PROBLEM TO WORK ON
Report every line in the records below that holds the word "this".

[Stored entries]
++++++++

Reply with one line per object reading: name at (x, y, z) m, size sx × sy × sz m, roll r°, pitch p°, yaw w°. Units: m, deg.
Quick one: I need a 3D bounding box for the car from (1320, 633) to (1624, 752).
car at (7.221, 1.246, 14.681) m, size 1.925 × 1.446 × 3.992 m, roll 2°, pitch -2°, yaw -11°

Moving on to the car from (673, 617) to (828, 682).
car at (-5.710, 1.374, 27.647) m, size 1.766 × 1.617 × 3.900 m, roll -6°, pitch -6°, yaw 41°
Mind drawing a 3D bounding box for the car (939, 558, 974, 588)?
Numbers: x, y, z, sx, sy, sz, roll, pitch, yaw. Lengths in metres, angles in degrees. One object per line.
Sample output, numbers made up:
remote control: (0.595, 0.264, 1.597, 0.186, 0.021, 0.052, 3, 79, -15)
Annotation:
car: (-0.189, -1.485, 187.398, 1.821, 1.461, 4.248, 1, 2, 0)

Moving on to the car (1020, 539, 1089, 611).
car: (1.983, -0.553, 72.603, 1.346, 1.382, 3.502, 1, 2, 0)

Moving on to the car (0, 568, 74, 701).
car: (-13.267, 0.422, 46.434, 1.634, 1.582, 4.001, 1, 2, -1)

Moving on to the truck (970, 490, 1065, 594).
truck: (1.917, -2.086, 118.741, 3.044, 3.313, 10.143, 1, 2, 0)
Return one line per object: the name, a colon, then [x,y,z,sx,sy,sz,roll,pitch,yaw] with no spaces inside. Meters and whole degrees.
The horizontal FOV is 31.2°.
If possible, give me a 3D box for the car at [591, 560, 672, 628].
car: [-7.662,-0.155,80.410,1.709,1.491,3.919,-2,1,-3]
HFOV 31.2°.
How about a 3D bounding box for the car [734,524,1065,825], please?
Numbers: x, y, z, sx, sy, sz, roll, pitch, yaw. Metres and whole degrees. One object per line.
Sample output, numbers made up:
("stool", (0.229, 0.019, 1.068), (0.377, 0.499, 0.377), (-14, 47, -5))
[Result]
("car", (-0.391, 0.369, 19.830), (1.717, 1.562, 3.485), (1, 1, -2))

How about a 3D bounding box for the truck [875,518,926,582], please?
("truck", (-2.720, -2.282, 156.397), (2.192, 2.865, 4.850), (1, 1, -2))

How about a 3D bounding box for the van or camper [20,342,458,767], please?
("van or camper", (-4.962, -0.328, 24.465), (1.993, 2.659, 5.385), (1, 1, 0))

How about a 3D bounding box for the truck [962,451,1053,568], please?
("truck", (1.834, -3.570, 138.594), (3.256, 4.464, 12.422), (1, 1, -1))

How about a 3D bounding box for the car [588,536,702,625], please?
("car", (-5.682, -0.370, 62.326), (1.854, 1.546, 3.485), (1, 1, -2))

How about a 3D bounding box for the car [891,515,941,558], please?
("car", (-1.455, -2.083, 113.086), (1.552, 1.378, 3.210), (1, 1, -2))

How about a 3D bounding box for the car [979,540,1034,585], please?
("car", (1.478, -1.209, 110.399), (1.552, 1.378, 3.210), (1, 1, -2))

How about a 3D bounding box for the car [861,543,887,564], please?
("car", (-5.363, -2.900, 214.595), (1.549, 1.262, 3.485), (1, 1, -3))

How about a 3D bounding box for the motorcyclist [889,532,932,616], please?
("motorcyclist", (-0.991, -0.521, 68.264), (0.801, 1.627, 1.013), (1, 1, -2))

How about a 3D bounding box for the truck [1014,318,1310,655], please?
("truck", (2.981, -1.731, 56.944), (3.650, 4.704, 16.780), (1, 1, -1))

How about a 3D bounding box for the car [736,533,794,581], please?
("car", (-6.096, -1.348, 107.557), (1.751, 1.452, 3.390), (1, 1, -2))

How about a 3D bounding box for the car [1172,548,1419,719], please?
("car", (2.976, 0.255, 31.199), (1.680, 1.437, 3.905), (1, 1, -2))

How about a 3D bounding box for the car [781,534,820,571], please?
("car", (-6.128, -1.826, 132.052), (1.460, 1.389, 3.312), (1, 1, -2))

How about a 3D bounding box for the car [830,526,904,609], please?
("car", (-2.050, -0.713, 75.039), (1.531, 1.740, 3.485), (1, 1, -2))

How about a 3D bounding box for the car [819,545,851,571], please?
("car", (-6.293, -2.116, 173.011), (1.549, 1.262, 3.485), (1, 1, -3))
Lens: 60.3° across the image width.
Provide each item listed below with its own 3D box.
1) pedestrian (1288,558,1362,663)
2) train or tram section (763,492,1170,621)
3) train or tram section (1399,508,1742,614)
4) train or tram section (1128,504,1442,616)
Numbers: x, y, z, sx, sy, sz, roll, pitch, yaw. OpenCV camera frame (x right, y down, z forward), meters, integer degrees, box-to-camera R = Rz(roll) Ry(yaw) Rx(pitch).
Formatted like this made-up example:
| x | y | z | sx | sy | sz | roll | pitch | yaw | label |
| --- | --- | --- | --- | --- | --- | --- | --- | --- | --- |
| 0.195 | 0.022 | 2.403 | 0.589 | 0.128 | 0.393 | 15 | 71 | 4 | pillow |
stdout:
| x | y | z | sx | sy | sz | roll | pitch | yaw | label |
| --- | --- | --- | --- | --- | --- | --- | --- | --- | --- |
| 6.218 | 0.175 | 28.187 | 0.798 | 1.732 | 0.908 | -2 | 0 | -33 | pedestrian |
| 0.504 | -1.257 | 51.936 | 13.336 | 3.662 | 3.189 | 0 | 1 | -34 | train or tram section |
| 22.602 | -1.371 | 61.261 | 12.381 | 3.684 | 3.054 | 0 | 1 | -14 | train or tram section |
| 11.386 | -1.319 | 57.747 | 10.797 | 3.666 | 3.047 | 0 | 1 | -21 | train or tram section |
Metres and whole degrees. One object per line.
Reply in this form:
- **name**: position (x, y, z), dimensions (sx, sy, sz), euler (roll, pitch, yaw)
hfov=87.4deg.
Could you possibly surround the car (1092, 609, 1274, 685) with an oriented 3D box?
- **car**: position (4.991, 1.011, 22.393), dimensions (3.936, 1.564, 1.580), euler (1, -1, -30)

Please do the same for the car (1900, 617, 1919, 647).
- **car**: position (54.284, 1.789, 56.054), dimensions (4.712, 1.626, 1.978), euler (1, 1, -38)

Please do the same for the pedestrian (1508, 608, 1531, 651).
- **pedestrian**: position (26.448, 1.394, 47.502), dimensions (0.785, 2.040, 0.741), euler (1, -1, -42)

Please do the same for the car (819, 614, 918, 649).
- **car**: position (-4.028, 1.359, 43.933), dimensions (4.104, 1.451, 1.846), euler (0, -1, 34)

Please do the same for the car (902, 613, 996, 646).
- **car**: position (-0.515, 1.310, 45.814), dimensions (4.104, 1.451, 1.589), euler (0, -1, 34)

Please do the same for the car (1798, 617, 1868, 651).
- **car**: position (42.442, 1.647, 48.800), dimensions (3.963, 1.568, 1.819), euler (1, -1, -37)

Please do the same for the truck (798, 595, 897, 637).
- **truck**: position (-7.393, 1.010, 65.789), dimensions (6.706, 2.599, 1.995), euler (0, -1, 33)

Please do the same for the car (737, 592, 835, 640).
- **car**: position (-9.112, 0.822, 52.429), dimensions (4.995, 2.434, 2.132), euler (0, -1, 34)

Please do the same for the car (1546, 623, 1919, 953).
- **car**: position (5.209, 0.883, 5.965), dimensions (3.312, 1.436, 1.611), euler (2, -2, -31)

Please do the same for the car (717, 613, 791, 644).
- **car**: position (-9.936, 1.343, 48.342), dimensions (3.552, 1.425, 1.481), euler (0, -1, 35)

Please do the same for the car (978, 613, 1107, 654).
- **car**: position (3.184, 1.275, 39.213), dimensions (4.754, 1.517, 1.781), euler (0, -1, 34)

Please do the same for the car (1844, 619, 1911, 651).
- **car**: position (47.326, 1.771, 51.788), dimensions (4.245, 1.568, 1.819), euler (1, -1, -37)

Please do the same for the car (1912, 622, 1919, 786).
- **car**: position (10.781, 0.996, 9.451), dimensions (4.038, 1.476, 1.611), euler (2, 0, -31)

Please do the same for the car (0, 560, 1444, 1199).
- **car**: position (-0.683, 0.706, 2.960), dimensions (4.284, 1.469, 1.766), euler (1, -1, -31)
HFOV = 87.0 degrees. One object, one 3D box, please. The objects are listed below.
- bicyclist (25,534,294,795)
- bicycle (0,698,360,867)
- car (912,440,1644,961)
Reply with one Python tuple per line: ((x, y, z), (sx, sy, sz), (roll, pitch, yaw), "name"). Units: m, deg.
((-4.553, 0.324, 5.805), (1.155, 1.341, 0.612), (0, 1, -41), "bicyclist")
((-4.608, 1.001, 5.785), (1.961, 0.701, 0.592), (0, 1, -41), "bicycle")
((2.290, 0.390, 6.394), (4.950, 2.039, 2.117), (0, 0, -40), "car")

++++++++

EXERCISE SOLUTION
Formatted like this made-up example:
Reply in this form:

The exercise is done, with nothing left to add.